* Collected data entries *
'''
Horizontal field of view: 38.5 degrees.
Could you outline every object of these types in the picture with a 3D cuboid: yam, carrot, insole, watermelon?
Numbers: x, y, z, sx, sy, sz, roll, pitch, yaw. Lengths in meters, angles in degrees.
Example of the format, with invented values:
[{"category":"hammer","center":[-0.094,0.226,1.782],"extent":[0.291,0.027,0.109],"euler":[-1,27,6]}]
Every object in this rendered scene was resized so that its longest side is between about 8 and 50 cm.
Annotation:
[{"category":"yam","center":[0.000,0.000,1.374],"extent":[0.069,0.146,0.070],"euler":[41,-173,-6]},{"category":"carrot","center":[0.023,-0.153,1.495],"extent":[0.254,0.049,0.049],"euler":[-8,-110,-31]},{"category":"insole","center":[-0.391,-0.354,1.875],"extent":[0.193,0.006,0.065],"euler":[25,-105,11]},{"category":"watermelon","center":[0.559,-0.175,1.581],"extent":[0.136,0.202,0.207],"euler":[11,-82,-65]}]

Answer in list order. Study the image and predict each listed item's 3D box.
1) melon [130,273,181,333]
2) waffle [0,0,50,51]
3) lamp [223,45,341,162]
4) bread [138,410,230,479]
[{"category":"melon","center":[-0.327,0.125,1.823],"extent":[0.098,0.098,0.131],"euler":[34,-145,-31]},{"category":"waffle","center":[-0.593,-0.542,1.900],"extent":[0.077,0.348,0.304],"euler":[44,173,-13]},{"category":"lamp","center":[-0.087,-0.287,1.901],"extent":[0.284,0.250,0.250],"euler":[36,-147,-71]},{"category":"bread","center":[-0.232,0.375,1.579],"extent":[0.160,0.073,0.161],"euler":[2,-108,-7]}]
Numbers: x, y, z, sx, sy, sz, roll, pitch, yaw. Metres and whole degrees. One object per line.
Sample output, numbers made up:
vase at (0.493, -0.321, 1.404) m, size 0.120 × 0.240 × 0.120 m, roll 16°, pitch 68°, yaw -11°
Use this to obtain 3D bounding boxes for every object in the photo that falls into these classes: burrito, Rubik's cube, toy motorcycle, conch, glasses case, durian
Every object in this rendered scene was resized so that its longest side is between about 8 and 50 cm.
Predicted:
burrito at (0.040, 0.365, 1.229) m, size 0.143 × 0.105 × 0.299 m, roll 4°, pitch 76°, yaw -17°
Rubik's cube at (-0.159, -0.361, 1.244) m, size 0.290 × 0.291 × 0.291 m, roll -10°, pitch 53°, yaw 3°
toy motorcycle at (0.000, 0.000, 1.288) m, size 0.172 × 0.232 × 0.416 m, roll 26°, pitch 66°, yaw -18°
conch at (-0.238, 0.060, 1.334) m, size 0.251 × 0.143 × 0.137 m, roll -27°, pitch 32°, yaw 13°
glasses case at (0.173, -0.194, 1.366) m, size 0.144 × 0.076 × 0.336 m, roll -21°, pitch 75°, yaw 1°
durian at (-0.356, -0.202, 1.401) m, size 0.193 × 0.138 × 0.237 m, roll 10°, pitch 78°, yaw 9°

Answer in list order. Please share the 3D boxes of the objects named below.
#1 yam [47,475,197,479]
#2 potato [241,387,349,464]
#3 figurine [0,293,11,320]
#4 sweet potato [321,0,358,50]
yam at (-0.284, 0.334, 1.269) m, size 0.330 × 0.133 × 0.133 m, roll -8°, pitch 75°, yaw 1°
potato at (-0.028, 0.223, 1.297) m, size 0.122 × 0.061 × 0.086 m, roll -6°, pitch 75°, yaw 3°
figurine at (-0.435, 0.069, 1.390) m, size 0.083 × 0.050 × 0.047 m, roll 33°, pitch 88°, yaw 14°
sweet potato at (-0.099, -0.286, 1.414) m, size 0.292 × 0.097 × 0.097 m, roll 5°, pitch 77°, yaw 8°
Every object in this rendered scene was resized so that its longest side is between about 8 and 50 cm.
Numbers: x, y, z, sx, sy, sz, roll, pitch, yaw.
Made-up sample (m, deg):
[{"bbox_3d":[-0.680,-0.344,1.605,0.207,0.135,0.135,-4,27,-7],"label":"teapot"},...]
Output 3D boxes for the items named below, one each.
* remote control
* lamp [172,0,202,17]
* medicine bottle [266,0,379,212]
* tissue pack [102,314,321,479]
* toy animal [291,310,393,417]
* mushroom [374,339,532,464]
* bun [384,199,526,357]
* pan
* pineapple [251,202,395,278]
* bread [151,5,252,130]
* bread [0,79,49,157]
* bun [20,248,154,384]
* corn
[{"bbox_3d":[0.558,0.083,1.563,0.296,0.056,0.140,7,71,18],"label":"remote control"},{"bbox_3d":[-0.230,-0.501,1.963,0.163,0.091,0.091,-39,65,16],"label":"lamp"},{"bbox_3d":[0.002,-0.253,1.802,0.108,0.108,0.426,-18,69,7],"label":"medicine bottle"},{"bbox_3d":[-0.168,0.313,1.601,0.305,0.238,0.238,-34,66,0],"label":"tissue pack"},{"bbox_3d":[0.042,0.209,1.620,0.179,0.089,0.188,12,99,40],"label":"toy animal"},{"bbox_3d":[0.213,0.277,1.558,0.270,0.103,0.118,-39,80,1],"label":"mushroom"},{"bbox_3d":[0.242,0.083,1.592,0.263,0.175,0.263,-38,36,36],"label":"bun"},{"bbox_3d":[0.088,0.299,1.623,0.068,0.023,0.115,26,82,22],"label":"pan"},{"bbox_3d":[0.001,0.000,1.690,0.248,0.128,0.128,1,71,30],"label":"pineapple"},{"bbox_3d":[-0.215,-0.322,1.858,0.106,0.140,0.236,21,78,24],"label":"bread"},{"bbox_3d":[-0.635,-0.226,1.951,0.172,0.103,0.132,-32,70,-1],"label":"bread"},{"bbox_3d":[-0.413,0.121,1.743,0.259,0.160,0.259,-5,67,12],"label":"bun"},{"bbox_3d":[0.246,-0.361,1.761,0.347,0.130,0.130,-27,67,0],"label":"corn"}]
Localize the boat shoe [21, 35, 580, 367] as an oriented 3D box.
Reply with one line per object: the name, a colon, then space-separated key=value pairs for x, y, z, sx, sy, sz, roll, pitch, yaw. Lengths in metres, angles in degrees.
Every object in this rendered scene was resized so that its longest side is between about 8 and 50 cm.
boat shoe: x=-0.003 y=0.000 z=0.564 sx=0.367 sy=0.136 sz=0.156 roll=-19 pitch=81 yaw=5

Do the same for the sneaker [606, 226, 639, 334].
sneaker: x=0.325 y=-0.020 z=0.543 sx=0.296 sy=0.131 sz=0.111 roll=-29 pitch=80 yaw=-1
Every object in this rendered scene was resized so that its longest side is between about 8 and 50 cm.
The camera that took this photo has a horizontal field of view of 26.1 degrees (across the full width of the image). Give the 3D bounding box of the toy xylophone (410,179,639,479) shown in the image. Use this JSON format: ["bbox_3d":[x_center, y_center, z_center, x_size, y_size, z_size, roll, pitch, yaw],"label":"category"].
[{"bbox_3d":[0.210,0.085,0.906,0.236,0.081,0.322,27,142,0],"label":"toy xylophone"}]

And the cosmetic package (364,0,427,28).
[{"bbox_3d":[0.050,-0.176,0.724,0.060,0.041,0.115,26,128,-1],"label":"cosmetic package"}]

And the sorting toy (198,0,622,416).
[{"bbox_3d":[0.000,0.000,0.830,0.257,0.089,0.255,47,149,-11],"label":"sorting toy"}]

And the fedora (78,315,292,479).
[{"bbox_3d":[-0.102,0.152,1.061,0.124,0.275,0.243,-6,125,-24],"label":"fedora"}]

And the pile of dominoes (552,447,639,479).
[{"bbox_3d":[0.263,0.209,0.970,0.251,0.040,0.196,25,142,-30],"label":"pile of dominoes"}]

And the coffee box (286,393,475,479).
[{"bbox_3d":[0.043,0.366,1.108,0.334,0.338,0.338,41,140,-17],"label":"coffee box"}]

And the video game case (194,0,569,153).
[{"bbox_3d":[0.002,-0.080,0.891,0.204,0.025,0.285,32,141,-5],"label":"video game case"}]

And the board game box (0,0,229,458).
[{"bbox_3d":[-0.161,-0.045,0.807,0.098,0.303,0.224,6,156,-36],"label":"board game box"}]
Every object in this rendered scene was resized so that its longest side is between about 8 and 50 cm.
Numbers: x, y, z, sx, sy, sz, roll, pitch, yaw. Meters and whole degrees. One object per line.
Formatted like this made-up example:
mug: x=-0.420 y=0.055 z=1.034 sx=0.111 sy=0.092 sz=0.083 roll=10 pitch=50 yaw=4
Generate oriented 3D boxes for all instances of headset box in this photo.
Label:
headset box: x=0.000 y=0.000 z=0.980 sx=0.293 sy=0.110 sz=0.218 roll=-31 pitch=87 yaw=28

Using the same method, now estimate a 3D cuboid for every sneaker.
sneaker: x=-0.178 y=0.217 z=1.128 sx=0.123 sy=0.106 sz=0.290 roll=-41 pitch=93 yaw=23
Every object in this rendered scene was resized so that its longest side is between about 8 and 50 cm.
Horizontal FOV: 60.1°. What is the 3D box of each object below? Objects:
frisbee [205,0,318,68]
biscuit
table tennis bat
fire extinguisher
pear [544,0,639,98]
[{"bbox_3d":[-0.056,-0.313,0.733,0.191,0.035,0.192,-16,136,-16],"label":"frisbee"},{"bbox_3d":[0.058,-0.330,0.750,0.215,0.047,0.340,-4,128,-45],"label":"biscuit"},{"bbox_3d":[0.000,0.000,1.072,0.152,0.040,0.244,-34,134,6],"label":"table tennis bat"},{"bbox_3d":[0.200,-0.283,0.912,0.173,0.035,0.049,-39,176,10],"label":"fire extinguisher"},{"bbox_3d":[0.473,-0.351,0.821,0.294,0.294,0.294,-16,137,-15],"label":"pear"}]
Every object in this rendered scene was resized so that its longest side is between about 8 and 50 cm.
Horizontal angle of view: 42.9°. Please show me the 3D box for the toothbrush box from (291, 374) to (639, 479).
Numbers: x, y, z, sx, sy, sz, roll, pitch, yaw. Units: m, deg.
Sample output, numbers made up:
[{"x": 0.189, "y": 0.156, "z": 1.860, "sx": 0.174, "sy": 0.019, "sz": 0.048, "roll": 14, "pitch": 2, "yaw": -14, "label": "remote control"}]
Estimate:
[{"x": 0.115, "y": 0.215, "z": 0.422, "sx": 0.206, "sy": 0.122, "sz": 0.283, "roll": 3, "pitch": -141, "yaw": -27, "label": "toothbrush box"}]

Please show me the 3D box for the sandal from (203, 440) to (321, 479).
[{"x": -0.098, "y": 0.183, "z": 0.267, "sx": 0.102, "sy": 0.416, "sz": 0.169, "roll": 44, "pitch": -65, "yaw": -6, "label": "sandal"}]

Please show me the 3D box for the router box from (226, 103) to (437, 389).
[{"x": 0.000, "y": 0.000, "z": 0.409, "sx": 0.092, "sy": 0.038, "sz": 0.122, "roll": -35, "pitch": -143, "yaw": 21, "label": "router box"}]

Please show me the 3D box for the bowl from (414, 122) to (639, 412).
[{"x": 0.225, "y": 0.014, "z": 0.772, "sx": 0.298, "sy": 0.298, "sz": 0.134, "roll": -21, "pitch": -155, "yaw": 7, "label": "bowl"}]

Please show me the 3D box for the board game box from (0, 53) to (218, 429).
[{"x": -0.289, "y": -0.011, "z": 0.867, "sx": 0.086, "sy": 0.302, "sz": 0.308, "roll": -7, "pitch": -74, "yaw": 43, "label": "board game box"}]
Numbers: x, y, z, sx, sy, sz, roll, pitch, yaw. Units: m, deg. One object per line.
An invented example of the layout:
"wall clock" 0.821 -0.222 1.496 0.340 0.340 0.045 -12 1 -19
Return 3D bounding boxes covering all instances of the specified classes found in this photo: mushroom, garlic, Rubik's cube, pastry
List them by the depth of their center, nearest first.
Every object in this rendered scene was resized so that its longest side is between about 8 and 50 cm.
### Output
'''
Counting only lines that contain the word "these", state how many appear in the entries, and add nothing.

* EXERCISE ANSWER *
2